• Plant Roots Mimicked to Develop Soil-Monitoring Robots

Environmental Laboratory

Plant Roots Mimicked to Develop Soil-Monitoring Robots

Dec 06 2014

Biomimicry, the imitation or emulation of natural and biological systems in order to solve complex human problems, has resulted in a variety of new technologies inspired by nature. While this may seem a new concept, it can be traced back as far as the 15th century, when Leonardo Da Vinci was studying the flight of birds in order to design a human flying machine.

Most recently, a number of technologies have emerged from the study and mimicry of plants and the way in which their roots function. One such example is a project called the Innovative Robotic Artefacts Inspired by Plant Roots for Soil Monitoring - or PLANTOID for short - a European Commission-funded research project into the behaviour of roots with the aim of developing advanced soil monitoring technologies.

What is the PLANTOID project?

Conducted at the Center for Micro-BioRobotics at the Italian Institute of Technology (IIT), PLANTOID is a 36-month research project with the goal of developing intelligent and innovative robotic technologies which mimic the roots of plants. The project's two major goals are to mimic and manufacture the principles that enable plant roots to explore and adapt to underground environments, and to formulate scientifically testable hypotheses and models of some unexplored characteristics of plant roots.

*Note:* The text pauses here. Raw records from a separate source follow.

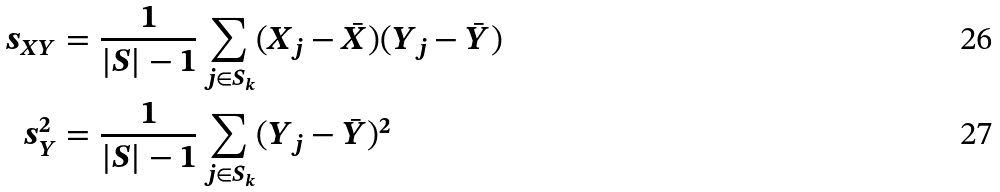Convert formula to latex. <formula><loc_0><loc_0><loc_500><loc_500>s _ { X Y } & = \frac { 1 } { | S | - 1 } \sum _ { j \in S _ { k } } ( X _ { j } - \bar { X } ) ( Y _ { j } - \bar { Y } ) \\ s _ { Y } ^ { 2 } & = \frac { 1 } { | S | - 1 } \sum _ { j \in S _ { k } } ( Y _ { j } - \bar { Y } ) ^ { 2 }</formula> 
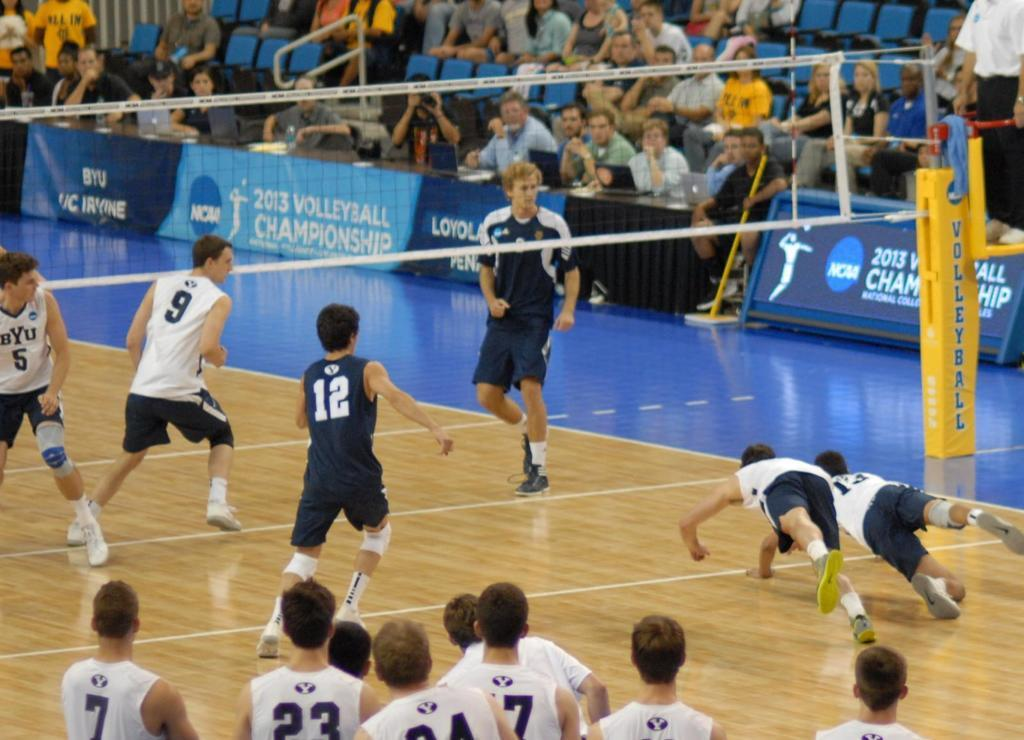How many people are in the image? There is a group of people in the image, but the exact number is not specified. What are the people doing in the image? Some people are on the ground, and some people are sitting on chairs. What object is present in the image that might be used for a game or sport? There is a net in the image, which could be used for various games or sports. What decorative elements are present in the image? There are banners in the image. What type of mitten is being used to play with the steel in the image? There is no mitten or steel present in the image. 
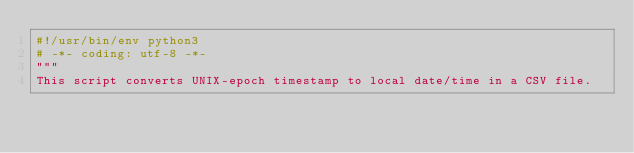<code> <loc_0><loc_0><loc_500><loc_500><_Python_>#!/usr/bin/env python3
# -*- coding: utf-8 -*-
"""
This script converts UNIX-epoch timestamp to local date/time in a CSV file.</code>

The project researchers - a team of engineers, plant biologists, and computer scientists - are specifically interested in the way in which roots grow and respond to changes in the environment, their energy-efficient movements, and their proficiency in infiltrating soil at any angle.

What are the results of the PLANTOID project so far?

To date, the project has resulted in two root-like robotic instruments. The first embodying artificial growth and penetrating the soil by an additive process of material; the second incorporating the bending capabilities of roots in three directions, with a sensory system to measure temperature, touch, gravity, and humidity, and the required electronics for sensor conditioning and actuation control.

The robotic roots are fitted to a trunk which contains a communicative micro-controller main board, and a system of artificial leaves that respond like real plants to changes in environmental conditions.

The next step of the project is to integrate a number of plant functions into a single robotic root, and to develop new flexible robots inspired by plantlife that are capable of growth by adding new materials.

The project researchers anticipate that these robotic plants will be used worldwide and even on other planets to monitor soil and detect mineral deposits or contaminated areas. For more information on this topic, take a look at why soil contamination happens or how contaminated soil effects the Environment. The robots might even be incorporated in medical and surgical practices, for instance as flexible endoscopes capable of steering and growing within delicate human organs.